When Mike Meeker and Schlomo Webelfetz first met at the University of California, Santa Cruz, nobody imagined that these two unlikely characters would change the entire face of psychological research. (Meeker was an All-State running back on a sports scholarship and Webelfetz, a semi-pro skateboarder auditing classes in the Tarot and Rolfing). Their research into the lingerie/pants dichotomy grew from a summer project in New Mexico. In Zuni legend Amit-hai-pooni was a changeling god who appeared in different guises to each worshipper. According to Meeker's autobiography 'Bringing Power and Effectiveness to Human Excellence' they had been drinking peyote tea for eight weeks when Webelfetz commented that this was 'Cool' and Meeker had the revelation that would solve the pants problem...

What if pants had no objective quality of desirability and the 'alteration' was entirely perceptual?

Eight years of research followed, much sponsored by the CIA. Student volunteers were hooded, floated in tanks and fed huge quantities of hallucinogens before being shown pants. No matter what kind of underwear they were shown their reaction was always exactly the same - they giggled and slurred the word 'Cool'.

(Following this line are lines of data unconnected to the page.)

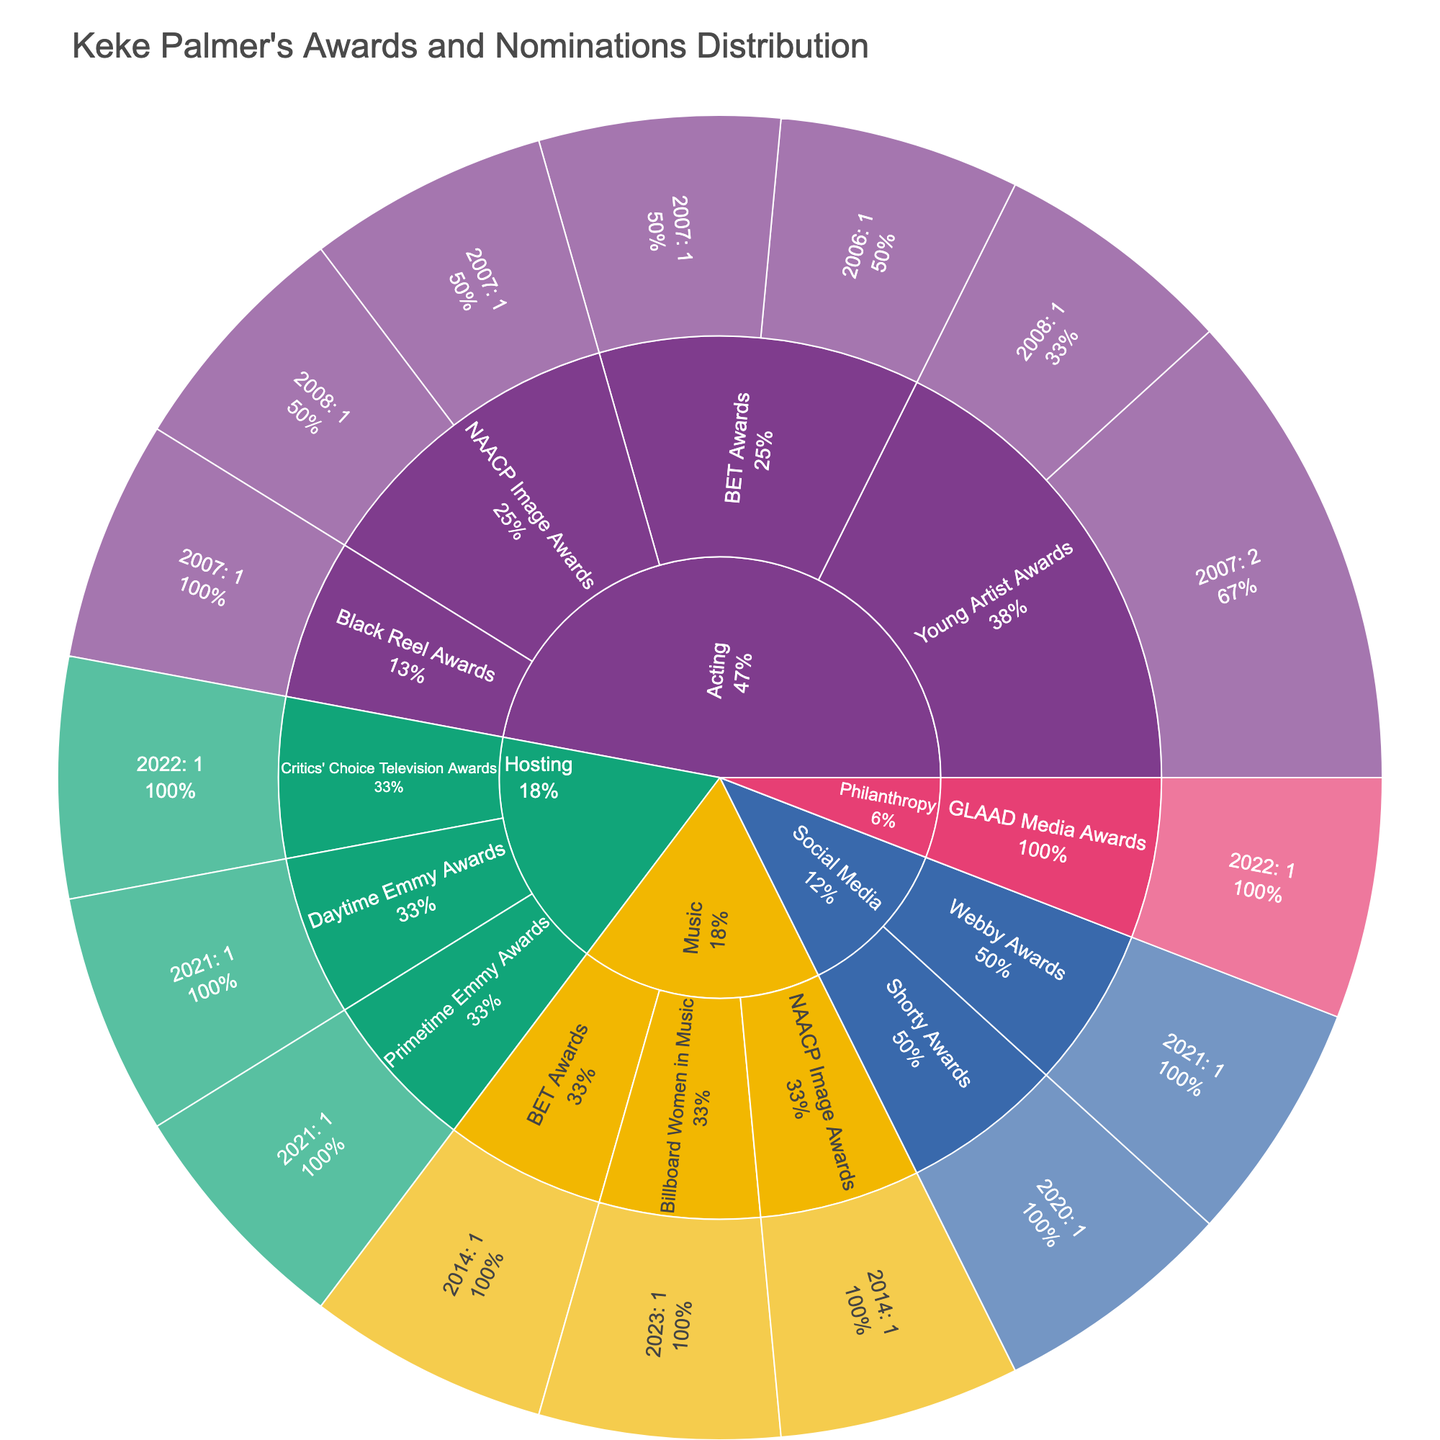What is the title of the sunburst plot? The title is usually located at the top of the plot and provides a brief description of what the plot represents. In this case, the title given in the code is "Keke Palmer's Awards and Nominations Distribution".
Answer: Keke Palmer's Awards and Nominations Distribution How many overall categories are depicted in the sunburst plot? The categories form the outermost layer of the sunburst plot. By counting these segments, we can determine the number of overall categories. The categories are Acting, Music, Hosting, Social Media, and Philanthropy.
Answer: 5 Which subcategory has the highest number of awards/nominations in the Acting category? We look at the subcategories within the Acting segment and compare their values. The "Young Artist Awards" subcategory has a total of 3 awards/nominations.
Answer: Young Artist Awards In which year did Keke Palmer receive an award/nomination for GLAAD Media Awards? The GLAAD Media Awards is a subcategory, and the specific year is a sublabel within this subcategory. By finding GLAAD Media Awards, we can identify the year associated with it.
Answer: 2022 How many awards/nominations did Keke Palmer receive in 2007 across all categories? Summing up all the values for the different subcategories in the year 2007: 1 (BET Awards) + 1 (NAACP Image Awards) + 1 (Black Reel Awards) + 2 (Young Artist Awards).
Answer: 5 Compare the number of awards/nominations in the Music and Hosting categories. Which category has more, and by how much? Sum the values for each subcategory in both categories: Music (1+1+1) = 3, Hosting (1+1+1) = 3. Both categories have the same number of awards/nominations.
Answer: Both categories have the same number What percentage of awards/nominations belong to the year 2021 in the Hosting category? In the Hosting category, add the values for all 2021 subcategories, then calculate the percentage out of the total Hosting category values: (1+1) / 3 = (2/3) * 100%.
Answer: 66.67% How many total awards/nominations does the sunburst plot represent? Summing all values provided across every category and subcategory: 1+1+1+1+1+2+1+1+1+1+1+1+1+1+1+1 = 16.
Answer: 16 Is there any year in which Keke Palmer received awards/nominations in more than one subcategory within the same category? Looking through each year, we find that in 2007 within the Acting category, Keke Palmer received awards/nominations in BET Awards, NAACP Image Awards, Black Reel Awards, and Young Artist Awards.
Answer: Yes, in 2007, in the Acting category Which category features the latest (most recent) award/nomination in the plot? By identifying the latest year across all categories, we find that the Billboard Women in Music in the Music category is from 2023.
Answer: Music 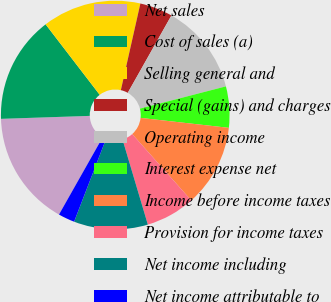Convert chart. <chart><loc_0><loc_0><loc_500><loc_500><pie_chart><fcel>Net sales<fcel>Cost of sales (a)<fcel>Selling general and<fcel>Special (gains) and charges<fcel>Operating income<fcel>Interest expense net<fcel>Income before income taxes<fcel>Provision for income taxes<fcel>Net income including<fcel>Net income attributable to<nl><fcel>16.28%<fcel>15.11%<fcel>13.95%<fcel>4.65%<fcel>12.79%<fcel>5.82%<fcel>11.63%<fcel>6.98%<fcel>10.46%<fcel>2.33%<nl></chart> 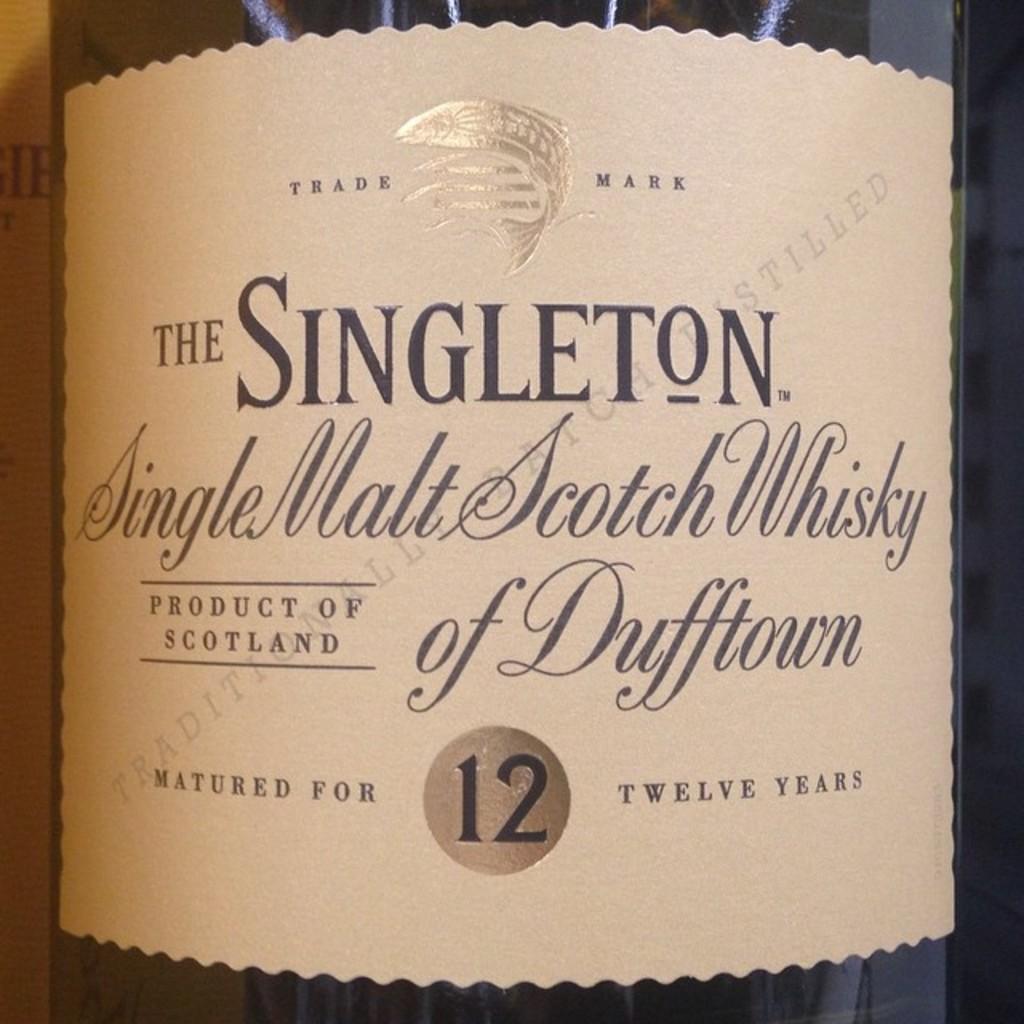Who makes this whisky?
Give a very brief answer. Singleton. 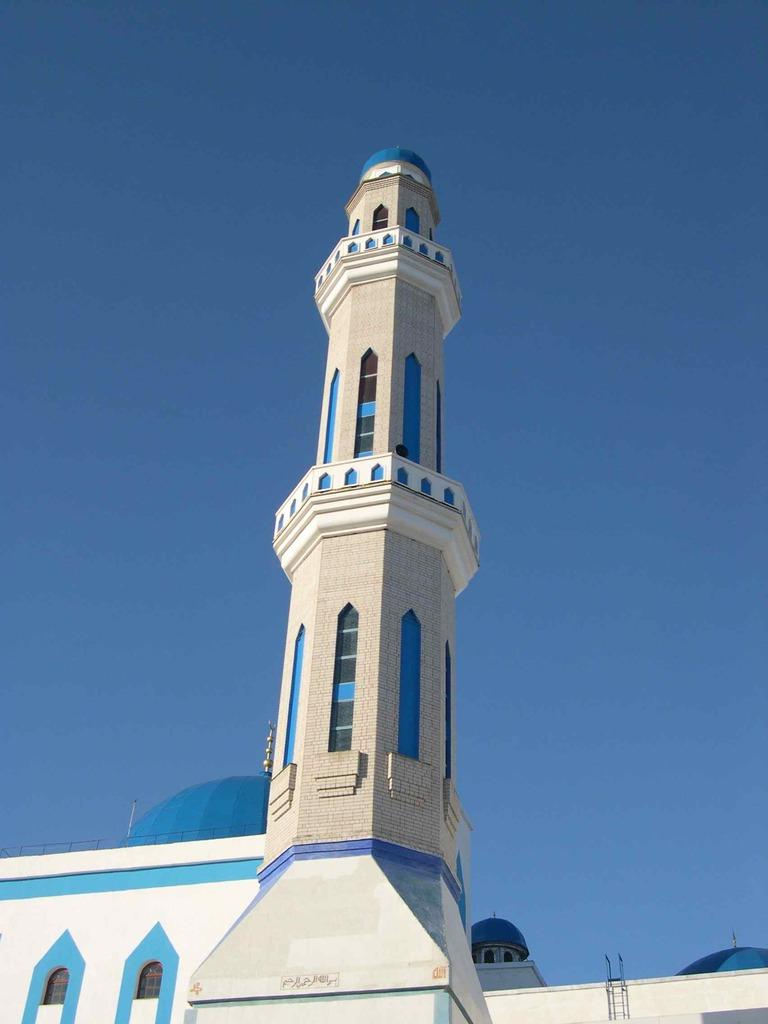What type of structure is visible in the image? There is a building in the image. What color is the sky in the image? The sky is blue in the image. Can you tell me how many leaves are on the clover in the image? There is no clover present in the image, so it is not possible to determine the number of leaves on a clover. 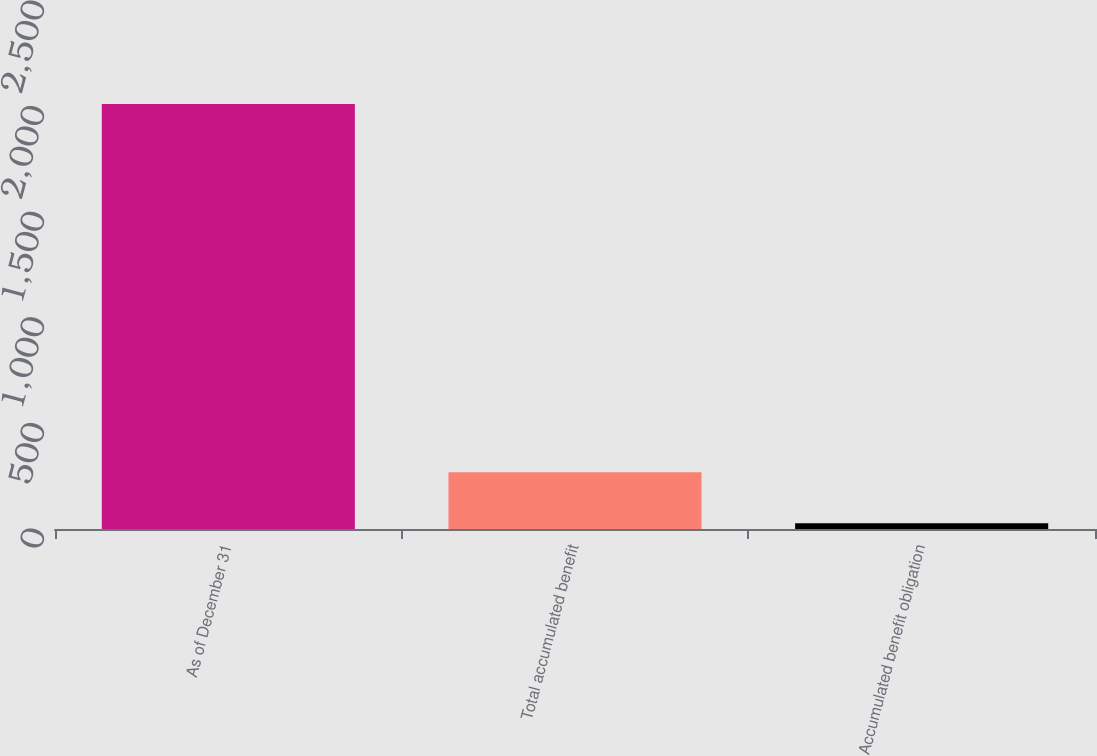<chart> <loc_0><loc_0><loc_500><loc_500><bar_chart><fcel>As of December 31<fcel>Total accumulated benefit<fcel>Accumulated benefit obligation<nl><fcel>2012<fcel>268.7<fcel>26.9<nl></chart>

Meeker is now a personal effectiveness coach in New York, Webelfetz is running a cult out of a trailer park in Oklahoma.

4) The Ffitch-Cadogan equation

Originally propounded by Rupert Ffitch-Cadogan at Cambridge in 1955. Ffitch-Cadogan was a well-born dilletante physicist of little innate talent. (His father endowed the Ffitch-Cadogan Laboratories in 1953, the year his son went up).

He suggested that...

Where fabric = f
Age = a
Desirability of wearer = w

and...

[{f/w} 3.1519 - Kvr] /w + f /{187987987.7} = x

...then

If x> 666.978 then lingerie
If x< 666.978 then underwear


Sadly Rupert's judgement was called into question later that year when he was caught in flagrante with his bedder in the quad, sent down and defected to the Russians.

History has yet to prove if this was any great loss to theoretical physics.

5) The low-number/conspiracy theory

This is my own particular favourite theory but one that undermines many of our deeply held beliefs. What if there are only a limited number of sets of decent underwear? What if it's all a plot? What if there is a central clearing house with an 0800 number? What if your partner sneaks from the bed while you bask in post coital glow and rings the number...

"Hullo. Control? Mission accomplished. I've got him. Send a courier to pick up the date knickers and hand them on to the next operative".